East Capital -
This editorial has recently been focusing less on what is happening in emerging Europe and more on what is going on in the rest of the world, and this one is no different. The reason for this external focus is that much of the development on the stock markets in emerging Europe is currently being driven by the economic and regulatory changes in Europe, the US and Asia.
We have been asking economists, investors and other experts if the outlooks for the global and regional recoveries have changed lately. The consensus, and it is surprisingly strong, seems to be that things have changed and probably for the better, but the level of uncertainty is very high. This ambivalence seems to be reflected in the financial press, in statements from policy-makers as well as in the wider commentary circles in general and, not least, on financial markets. It is difficult to discern a trend since markets are moving in different directions from month to month. The VIX index, which measures volatility on the market, fell steadily from around 25 in early February to 16 in mid-April, only to bounce back to 35 in early July before dropping to 22 in early August and, finally, to climb back to 26 by the end of the month.

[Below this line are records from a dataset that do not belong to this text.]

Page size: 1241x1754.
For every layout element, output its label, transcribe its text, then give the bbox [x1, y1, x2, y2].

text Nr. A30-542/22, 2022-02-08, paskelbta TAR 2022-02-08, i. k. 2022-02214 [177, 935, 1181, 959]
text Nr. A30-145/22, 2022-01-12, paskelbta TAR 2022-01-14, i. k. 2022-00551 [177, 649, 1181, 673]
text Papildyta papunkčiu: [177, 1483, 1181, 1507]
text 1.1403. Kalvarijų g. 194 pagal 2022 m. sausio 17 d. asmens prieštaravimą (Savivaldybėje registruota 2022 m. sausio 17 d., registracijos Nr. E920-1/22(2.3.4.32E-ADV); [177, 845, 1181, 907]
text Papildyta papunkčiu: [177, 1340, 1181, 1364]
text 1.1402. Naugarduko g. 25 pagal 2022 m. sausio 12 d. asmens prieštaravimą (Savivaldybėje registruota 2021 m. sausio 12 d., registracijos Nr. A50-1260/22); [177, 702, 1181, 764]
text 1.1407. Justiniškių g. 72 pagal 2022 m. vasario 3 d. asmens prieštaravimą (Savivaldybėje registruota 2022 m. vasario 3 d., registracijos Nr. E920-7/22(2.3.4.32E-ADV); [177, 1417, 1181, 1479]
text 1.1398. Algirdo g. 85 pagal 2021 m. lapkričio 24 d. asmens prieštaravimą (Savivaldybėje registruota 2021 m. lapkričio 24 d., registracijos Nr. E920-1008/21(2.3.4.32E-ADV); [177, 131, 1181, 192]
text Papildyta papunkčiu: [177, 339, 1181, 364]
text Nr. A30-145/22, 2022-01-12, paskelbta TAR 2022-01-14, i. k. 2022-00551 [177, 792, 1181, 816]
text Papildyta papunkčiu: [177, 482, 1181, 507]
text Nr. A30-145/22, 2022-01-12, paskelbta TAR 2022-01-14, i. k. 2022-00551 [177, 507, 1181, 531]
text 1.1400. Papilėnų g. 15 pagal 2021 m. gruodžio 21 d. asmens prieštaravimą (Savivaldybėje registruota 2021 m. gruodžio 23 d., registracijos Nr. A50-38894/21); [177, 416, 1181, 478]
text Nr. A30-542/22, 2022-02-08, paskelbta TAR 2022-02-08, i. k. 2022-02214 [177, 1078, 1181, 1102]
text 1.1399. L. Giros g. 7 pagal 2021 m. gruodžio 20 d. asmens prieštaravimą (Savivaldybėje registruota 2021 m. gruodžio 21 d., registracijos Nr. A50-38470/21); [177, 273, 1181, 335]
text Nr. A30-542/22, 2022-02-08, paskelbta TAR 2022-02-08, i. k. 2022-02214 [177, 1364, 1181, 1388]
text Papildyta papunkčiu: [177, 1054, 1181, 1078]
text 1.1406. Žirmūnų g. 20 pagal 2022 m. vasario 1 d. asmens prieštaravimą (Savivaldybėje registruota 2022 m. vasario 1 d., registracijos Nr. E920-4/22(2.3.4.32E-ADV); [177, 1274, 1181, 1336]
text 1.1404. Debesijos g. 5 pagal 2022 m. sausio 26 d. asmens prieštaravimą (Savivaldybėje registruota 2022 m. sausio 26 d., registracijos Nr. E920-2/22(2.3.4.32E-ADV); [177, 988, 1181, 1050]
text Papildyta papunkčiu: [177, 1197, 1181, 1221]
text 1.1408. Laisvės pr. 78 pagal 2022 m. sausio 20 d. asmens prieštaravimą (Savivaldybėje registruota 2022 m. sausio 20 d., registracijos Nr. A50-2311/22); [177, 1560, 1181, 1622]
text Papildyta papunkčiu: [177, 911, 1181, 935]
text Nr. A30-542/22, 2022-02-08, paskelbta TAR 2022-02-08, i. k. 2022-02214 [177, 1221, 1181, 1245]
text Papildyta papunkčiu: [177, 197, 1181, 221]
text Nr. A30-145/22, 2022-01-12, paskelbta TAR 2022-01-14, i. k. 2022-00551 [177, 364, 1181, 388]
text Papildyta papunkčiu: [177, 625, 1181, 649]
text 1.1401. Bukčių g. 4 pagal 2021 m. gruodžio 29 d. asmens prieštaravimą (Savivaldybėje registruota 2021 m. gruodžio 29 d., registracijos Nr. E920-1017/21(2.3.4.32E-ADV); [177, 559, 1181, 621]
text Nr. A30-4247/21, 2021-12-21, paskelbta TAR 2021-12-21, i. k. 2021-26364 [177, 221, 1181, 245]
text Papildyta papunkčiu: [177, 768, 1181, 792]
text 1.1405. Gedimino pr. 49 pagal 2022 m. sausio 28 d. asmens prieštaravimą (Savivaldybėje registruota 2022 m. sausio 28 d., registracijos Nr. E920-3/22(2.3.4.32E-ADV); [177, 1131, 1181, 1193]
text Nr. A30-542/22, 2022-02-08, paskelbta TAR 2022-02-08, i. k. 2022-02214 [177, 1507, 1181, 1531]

There are a lot of questions out there and few clear answers.
Investors and policymakers alike may be excused for being puzzled, as economists and pundits have fundamentally opposing ideas on what needs to be done in economic policy terms.

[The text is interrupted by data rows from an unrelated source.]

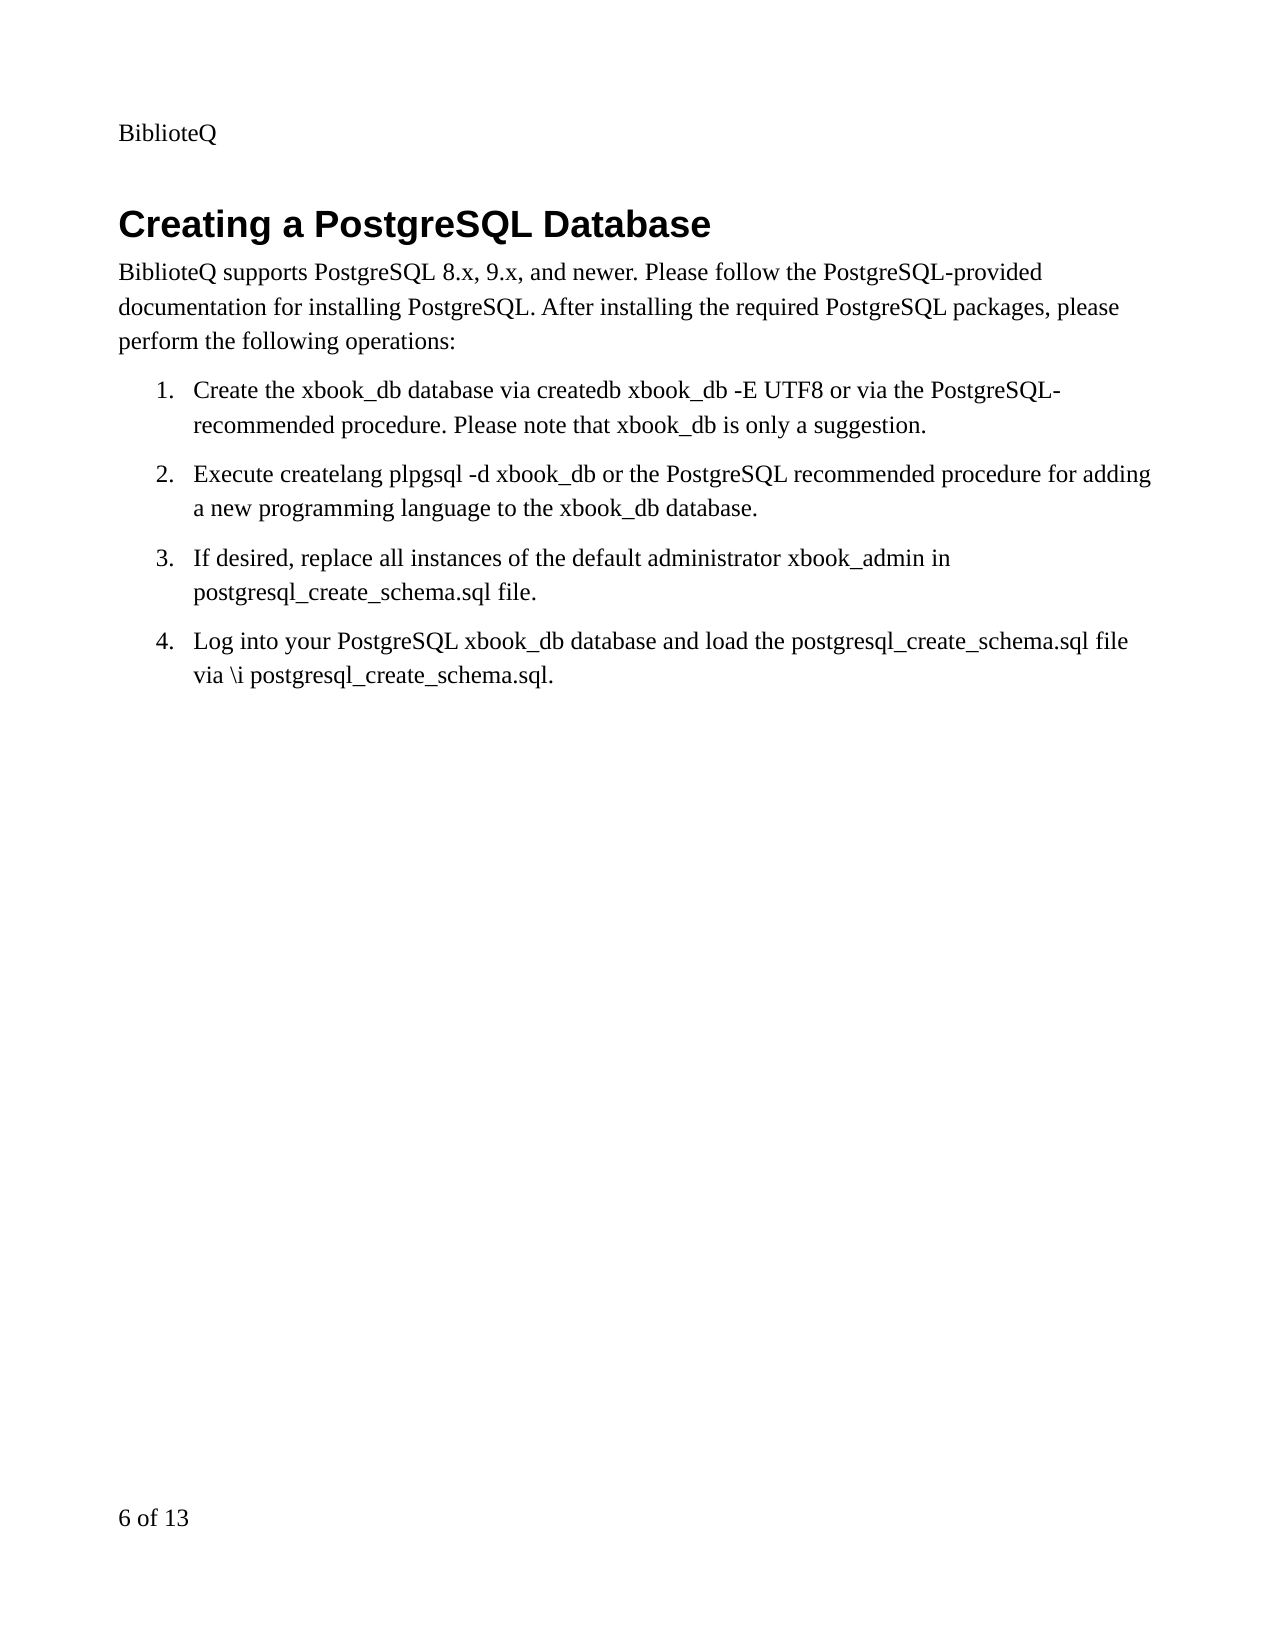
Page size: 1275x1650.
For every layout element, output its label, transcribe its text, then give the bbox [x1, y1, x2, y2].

list Execute createlang plpgsql -d xbook_db or the PostgreSQL recommended procedure for adding a new programming language to the xbook_db database. [156, 459, 1157, 522]
list Create the xbook_db database via createdb xbook_db -E UTF8 or via the PostgreSQL-recommended procedure. Please note that xbook_db is only a suggestion. [156, 376, 1157, 439]
list If desired, replace all instances of the default administrator xbook_admin in postgresql_create_schema.sql file. [156, 543, 1157, 606]
list Log into your PostgreSQL xbook_db database and load the postgresql_create_schema.sql file via \i postgresql_create_schema.sql. [156, 626, 1157, 689]
text BiblioteQ supports PostgreSQL 8.x, 9.x, and newer. Please follow the PostgreSQL-provided documentation for installing PostgreSQL. After installing the required PostgreSQL packages, please perform the following operations: [118, 257, 1157, 355]
subtitle Creating a PostgreSQL Database [118, 201, 1157, 245]

Some, mostly American experts, argue for more stimuli (ie. more cheap money), whereas others, mostly but not only Europeans, call for austerity. These are the exact opposite recommendations.
It is thus tempting, but maybe premature, to draw the conclusion that we have seen the end of coordinated global policymaking and that countries and regions will act more in their own interests from now on. The problem with that view is that the global recovery still depends a lot on external demand in general and emerging markets in particular. That brings us to China. Market participants have pointed out that for the first time, news coming out of China seems to be playing a larger role for the market than news from the US. This is not decoupling the discredited notion that emerging economies are no longer dependent on mature economies, but rather a sign that the global economy is indeed interdependent and that emerging and developed economies alike play a role of the global economy. The Chinese do not seem too concerned about the state of their domestic economy, but more so about the role they are expected to play as the second largest economy in the world. They are trying to downplay this new-found economic status. This is certainly an interesting discussion and something we most likely will return to in the near future, as China is playing an increasingly important role for a number of countries in emerging Europe.
In the European time zone, there is a growing conviction that although most short-term indicators have improved, most of the structural issues remain or have even deteriorated lately, including debt in Western Europe, fiscal consolidation in most parts of Europe, and the need for structural reforms in emerging Europe. We do, however, still believe that there is enough political will to continue with fiscal tightening in emerging Europe, even though there has been some political noise lately in places like Hungary, Romania and Serbia. The underlying recovery, which we are seeing across the region, rests primarily on external demand, but the pick-up in industrial production is very strong and supported by statistics as well as anecdotal evidence.
Overall, the focus for investors on a global basis seems to have shifted from Europe towards the US and China, and this may very well be an important factor behind the change in sentiment lately. Investors are also likely affected by the recent regulatory changes, such as the Basel III proposals (positive for banks) and the Solvency II regulations (negative for non-OECD equities).
The uncertainty in the external environment may linger, but we believe it is as important as ever for long-term investors to stay focused on fundamentals rather than sentiment.